BoxGrinder 0.10.3 Released

We're happy to announce the long-awaited BoxGrinder Build 0.10.3 release. Yet again it is primarily bug fixes, but we have resolved some tricky upstream issues to eliminate some of the most annoying persistent issues.

Large numbers of partitions

It is now possible to successfully create appliances with large numbers of partitions, whereas this generally failed when more than 4 or 5 partitions were specified previously. Furthermore, there should be fewer issues with the build process being interrupted by loop device symlinks left hanging around.

Cross-arch building of RHEL and derivatives

On newer versions of Fedora cross-arch builds no longer completed successfully (i.e. setarch i686 boxgrinder-build ...); this has now been fixed upstream, and should work without issue.

Additionally, a separate issue on Fedora 17 has been resolved where our qemu wrapper did not find a valid binary.

Found a bug?

If you have any issues, please open a ticket in our bug-tracker.

Release notes

Bug

  • [BGBUILD-339] - existing rpm package with the name containing '+' considered as an invalid name
  • [BGBUILD-358] - Unable to cross-arch build appliance for CentOS 5
  • [BGBUILD-359] - Unable to create more that 2 partitions in Centos EBS-EC2.
  • [BGBUILD-367] - Build fails with default_repos disabled on centos 5
  • [BGBUILD-368] - /usr/bin/qemu: No such file or directory on Fedora 17 32-bit

BoxGrinder 0.10.2 Released

The bug-fix release BoxGrinder Build 0.10.2 is available. It contains a couple of important fixes which have been breaking people's S3 AMI appliances on Amazon EC2. You can refer to our previous blog post about it, but put tersely, you should be able to successfully run appliances on any EC2 instance size without issue now!

We've managed to sneak in an extra feature however...

Fedora 17 support

Huzzah, Fedora 17 support is here and working well. You can build an appliance in the usual manner, simply write your appliance definition specifying fedora 17 as your OS name and version:

name: my-super-cool-fedora-17-appliance
os:
  name: fedora
  version: 17

If you have any issues with the new OS, please open a ticket in our bug-tracker.

Release notes

Bug

  • [BGBUILD-361] - CentOS 5 ec2 platform plugin issues, yum runs before having a proper /etc/resolv.conf and fails to resolve mirrors (Error: Cannot find a valid baseurl for repo: base)
  • [BGBUILD-353] - Images not bootable on new type of AWS instances
  • [BGBUILD-347] - Add support for Fedora 17

Upcoming EBS and S3 AMI changes

In light of some discussions we've been having internally, and with various community members, it has been proposed that as of our next BoxGrinder release, we shall no longer build images with ephemeral devices[1] pre-attached (for EBS), or pre-mounted in any fashion[2] by default (for EBS or S3)[3].

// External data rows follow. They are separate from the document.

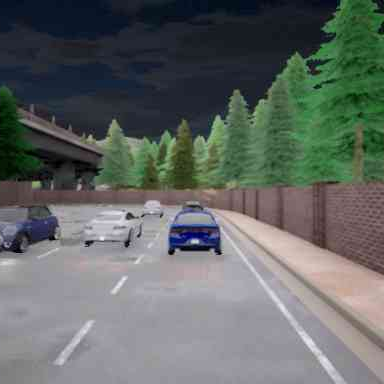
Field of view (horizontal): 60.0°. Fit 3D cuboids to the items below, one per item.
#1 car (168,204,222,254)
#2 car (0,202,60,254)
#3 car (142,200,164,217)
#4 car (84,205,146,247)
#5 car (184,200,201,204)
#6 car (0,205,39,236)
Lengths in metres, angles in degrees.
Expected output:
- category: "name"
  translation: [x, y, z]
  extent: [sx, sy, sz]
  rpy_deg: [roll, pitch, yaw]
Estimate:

Instead we will emit a message at build-time about device attachment and mounting, advising users to install a script such as cloud-init to auto-mount ephemeral devices, as well as a pointer to a boxgrinder.org resource page explaining how best to bake in an appropriate cloud configuration file (more on that soon).

Those that want device mappings baked into their image will continue to be able to do so by defining their desired mappings via configuration. Note that block storage mappings (including ephemeral, or otherwise), can be configured or reconfigured at runtime instead of, or in addition to, build time.

Providing block device mappings

For EBS AMIs no ephemeral devices are attached by default, whereas with S3 AMIs there is a default layout (although you can modify it as you see fit).

At run-time

All of the standard methods of providing (or modifying) a block device mapping at run-time still apply. For example:

ec2-run-instances ami-12345678 -b /dev/xvdb=ephemeral0

At build time

You can speculatively map devices that may not be present in every instance size at build time.

# -d ami or -d ebs
boxgrinder-build my.appl -p ec2 -d ebs --delivery-config \ 
  block_device_mapping:'/dev/xvdb=ephemeral0&/dev/xvdc=ephemeral1'

Why the changes?

The reasons for this change are multitudinous, but the foremost are:

  • Ephemeral device mappings vary according to instance size: We cannot make any easy assumptions about which ephemeral disks will be present, as it varies depending on which instance size is selected, and is subject to arbitrary change by Amazon. For instance, recent problems with BoxGrinder S3 AMIs on m1.small instances were caused by BoxGrinder assuming a particular ephemeral device would be present; an assumption that fell over when AWS introduced a new device mapping layout[4].

  • We do not want to maintain a script that maps and mounts which devices are provided by which instance sizes, as it will duplicate existing well-established efforts (e.g. cloud-init), in addition to being difficult to maintain, inferior in functionality, and surprising to the user.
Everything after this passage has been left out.